Prudential Regulation

As well as the above, a separate legislative proposal has been published in relation to the prudential framework for securitisation transactions which aims ensure greater risk sensitivity for the capital treatment of securitisation for banks. There will also be amendments to the Liquidity Coverage Delegated Regulation (draft amendments already published) and the Solvency II Delegated Regulation (draft amendments to come later in the Summer). The intention is to make targeted changes to: (i) address inconsistencies in the existing requirements that securitisations need to comply with in order to be eligible for inclusion in banks’ liquidity buffers; (ii) adjust the insurance prudential framework to better account for the actual risks of securitisation; and (iii) remove unnecessary prudential costs for insurers when investing in securitisations.

Next Steps

Whilst the Commission’s efforts to bolster the EU securitisation market are to be welcomed, it’s currently unclear whether the proposed changes will meet that aim.
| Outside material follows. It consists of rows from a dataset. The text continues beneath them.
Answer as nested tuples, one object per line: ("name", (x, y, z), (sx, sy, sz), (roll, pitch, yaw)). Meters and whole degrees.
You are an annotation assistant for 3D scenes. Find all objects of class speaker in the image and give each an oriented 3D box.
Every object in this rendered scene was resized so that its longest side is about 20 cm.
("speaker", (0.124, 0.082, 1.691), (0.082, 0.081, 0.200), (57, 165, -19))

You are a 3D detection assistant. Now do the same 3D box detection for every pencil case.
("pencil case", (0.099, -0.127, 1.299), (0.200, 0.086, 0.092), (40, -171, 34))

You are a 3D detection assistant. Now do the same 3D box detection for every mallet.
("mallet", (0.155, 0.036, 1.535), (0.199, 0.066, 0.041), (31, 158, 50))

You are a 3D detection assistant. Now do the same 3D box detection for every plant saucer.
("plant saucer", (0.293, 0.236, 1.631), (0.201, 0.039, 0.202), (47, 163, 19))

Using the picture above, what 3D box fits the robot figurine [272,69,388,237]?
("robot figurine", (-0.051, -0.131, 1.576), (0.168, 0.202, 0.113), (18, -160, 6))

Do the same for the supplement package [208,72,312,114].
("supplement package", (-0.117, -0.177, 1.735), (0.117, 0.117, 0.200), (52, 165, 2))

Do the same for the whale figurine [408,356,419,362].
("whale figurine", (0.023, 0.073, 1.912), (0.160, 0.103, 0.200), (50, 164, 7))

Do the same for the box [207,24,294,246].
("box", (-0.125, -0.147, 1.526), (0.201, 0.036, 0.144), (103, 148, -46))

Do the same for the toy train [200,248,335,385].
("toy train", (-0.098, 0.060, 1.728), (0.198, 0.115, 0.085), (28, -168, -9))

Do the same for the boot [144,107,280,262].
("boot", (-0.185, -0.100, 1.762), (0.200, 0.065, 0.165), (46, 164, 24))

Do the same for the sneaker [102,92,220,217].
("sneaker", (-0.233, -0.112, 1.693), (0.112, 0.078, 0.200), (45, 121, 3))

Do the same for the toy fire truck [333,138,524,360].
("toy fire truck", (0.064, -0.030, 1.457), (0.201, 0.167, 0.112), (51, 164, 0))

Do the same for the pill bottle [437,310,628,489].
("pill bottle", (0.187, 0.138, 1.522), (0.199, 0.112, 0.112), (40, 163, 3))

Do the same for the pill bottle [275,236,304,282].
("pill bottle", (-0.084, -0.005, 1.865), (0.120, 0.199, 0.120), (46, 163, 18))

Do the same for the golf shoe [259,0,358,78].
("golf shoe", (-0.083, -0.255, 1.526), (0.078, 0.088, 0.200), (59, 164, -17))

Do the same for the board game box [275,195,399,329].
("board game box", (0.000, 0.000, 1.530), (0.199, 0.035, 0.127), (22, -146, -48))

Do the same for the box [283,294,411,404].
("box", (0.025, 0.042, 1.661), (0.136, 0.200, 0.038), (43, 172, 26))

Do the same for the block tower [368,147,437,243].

In particular, careful consideration will need to be given to how the proposed definition of a public securitisation will impact the securitisation market. The scope of this definition has the potential to impose the burden of the public transaction reporting requirements on a significant number of private transactions, and to incentivise transaction parties to seek listings outside of the European market. In addition, the imposition of the requirement to report private transactions to securitisation repositories, and the imposition of a duplicative sanctions’ regime in terms of the due diligence requirements, have already caused concern to originators, issuers and investors. It will be important to ensure that these factors don’t have a dampening impact on issuance and undermine the effort to achieve an integrated, competitive and revitalised securitisation market in Europe.

The draft Amending Regulation and the prudential legislative proposal have been submitted to the European Parliament and the Council for consideration. Further changes are still possible before the final texts are agreed.